蔣竹山以為張梅受了驚嚇,突發高燒,這時又騰不出手來,只好用額頭去抵住張梅的額頭,看她溫度如何。
張梅嚶嚀一聲,以為蔣竹山要趁勢輕薄,心裏不但不惱怒,反而有些緊張欣喜。身子也不由自主顫抖,兩腿夾緊了蔣竹山。
蔣竹山本來對張梅並無別的想法,但是此情此景,身體卻是控制不住有了反應。額頭碰觸,本來知道張梅並無大礙,但偏偏就不想拿開。
本來就已經肌膚相親,又被枯枝一划,此時被懷中熟婦兩腿分開夾住。陰差陽錯,衣襟散開,一個昂藏巨物竟然跑了出來,來回翻動,突然一頓,竟然把張梅守了多時的身子給破了。
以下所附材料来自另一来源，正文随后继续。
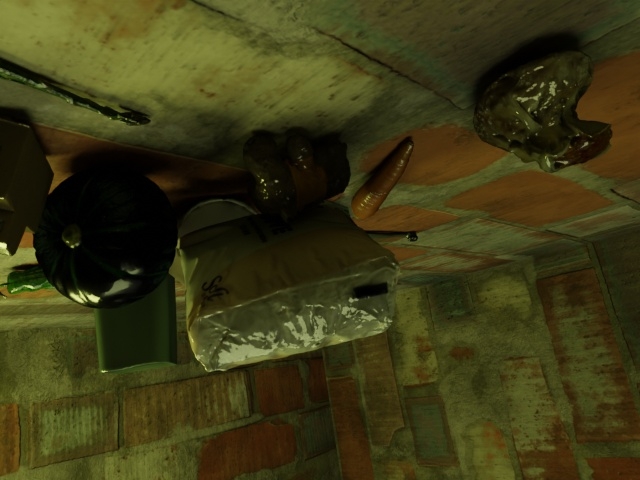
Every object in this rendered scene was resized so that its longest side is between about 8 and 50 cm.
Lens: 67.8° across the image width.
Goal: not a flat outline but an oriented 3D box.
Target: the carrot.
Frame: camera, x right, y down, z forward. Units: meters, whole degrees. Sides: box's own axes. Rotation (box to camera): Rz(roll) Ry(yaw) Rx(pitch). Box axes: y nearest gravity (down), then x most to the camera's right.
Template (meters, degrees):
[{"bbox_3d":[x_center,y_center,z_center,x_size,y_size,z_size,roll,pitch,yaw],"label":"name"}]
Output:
[{"bbox_3d":[0.133,-0.127,1.047,0.069,0.069,0.336,-4,158,-18],"label":"carrot"}]

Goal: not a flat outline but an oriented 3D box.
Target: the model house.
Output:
[{"bbox_3d":[-0.536,-0.083,0.654,0.248,0.176,0.181,12,161,-14],"label":"model house"}]

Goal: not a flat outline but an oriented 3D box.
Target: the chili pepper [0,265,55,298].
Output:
[{"bbox_3d":[-0.775,0.113,1.365,0.257,0.074,0.100,0,163,-33],"label":"chili pepper"}]

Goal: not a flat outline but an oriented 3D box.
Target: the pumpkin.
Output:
[{"bbox_3d":[-0.358,-0.005,0.852,0.248,0.247,0.248,-8,165,-2],"label":"pumpkin"}]

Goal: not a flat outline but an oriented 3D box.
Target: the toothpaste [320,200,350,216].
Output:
[{"bbox_3d":[0.023,-0.071,1.198,0.034,0.046,0.164,-20,162,30],"label":"toothpaste"}]

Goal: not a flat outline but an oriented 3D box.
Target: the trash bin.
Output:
[{"bbox_3d":[-0.398,0.108,1.045,0.159,0.343,0.223,-8,165,-13],"label":"trash bin"}]

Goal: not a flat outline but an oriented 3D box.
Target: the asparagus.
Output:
[{"bbox_3d":[-0.321,-0.185,0.611,0.022,0.023,0.233,35,-166,34],"label":"asparagus"}]

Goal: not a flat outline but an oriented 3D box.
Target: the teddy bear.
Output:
[{"bbox_3d":[-0.034,-0.111,0.853,0.190,0.140,0.177,-23,153,-21],"label":"teddy bear"}]

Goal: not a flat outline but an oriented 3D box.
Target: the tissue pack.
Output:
[{"bbox_3d":[-0.074,0.059,0.868,0.390,0.194,0.375,-15,-153,-15],"label":"tissue pack"}]

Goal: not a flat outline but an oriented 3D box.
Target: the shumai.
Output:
[{"bbox_3d":[0.337,-0.176,0.729,0.162,0.152,0.209,-11,163,-21],"label":"shumai"}]

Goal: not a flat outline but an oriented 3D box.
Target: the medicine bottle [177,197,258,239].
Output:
[{"bbox_3d":[-0.245,0.054,1.184,0.214,0.213,0.378,-5,165,-14],"label":"medicine bottle"}]

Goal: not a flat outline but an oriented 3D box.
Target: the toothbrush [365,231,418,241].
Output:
[{"bbox_3d":[0.199,-0.015,1.553,0.298,0.030,0.030,1,137,-30],"label":"toothbrush"}]

張梅也是羞不堪言,身體被納入巨物,特別是來回翻滾,竟然暢美難言。只是緊閉雙目,不想讓蔣竹山看見自己的模樣。真是沒臉見人了!
蔣竹山也沒想過會是這樣,但是這樣的野外肉搏,竟是十分刺激,前世今生,都沒有過這樣的體驗。看到懷裏婦人並不拒絕,也就將錯就錯,生米做成熟飯。
張梅或許是因為多時不碰男人,又是有着偷-情的緊張,和蔣竹山滾到小溪邊停下來時,竟然同時泄-身。也不敢動,只是緊緊勾住蔣竹山,只願這一刻靜止。
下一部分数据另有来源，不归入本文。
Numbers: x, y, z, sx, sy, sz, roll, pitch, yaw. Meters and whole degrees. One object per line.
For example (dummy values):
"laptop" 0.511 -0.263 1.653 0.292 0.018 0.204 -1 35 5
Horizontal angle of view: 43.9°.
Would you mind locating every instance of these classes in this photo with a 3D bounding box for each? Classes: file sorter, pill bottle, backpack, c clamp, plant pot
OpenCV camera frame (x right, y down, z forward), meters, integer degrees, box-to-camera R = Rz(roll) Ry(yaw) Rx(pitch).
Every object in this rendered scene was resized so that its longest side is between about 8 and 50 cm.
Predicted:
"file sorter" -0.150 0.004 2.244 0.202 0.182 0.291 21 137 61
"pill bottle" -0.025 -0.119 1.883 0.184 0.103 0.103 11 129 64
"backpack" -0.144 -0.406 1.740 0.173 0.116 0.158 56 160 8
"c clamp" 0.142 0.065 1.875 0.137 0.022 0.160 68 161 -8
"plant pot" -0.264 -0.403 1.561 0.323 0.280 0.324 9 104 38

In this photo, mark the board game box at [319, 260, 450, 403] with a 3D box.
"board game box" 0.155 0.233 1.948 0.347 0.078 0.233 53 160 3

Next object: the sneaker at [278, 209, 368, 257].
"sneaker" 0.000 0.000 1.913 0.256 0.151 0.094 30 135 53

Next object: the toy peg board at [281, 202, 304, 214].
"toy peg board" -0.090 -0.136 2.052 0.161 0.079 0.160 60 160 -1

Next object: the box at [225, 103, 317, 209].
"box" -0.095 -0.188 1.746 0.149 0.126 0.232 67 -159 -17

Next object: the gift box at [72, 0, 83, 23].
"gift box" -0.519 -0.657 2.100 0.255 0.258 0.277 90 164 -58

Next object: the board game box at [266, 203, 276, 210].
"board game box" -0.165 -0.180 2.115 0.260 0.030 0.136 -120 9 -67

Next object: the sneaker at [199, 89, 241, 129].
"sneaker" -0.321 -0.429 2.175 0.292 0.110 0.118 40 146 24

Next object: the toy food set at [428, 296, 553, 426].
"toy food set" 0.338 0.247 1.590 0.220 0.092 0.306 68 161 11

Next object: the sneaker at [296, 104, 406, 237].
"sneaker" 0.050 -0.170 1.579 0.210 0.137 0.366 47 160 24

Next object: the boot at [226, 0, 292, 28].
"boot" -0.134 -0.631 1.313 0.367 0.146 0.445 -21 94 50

不知過了多久,或許只是極短。蔣竹山看到懷裏的張梅一副滿足的模樣小鳥依人勾住自己,不覺有些得意。
蔣竹山輕笑道:「姐姐衣服都髒了,要不要到小溪里洗一洗,不然這個樣子如何見人?」
張梅嗯了一聲,細不可聞。反正身子都給了冤家,隨他作甚,都是命中注定。本來對男人已經死了心,卻被蔣竹山弄得春心蕩漾,要是見到繡春和李瓶兒,只怕要被她們取笑死了。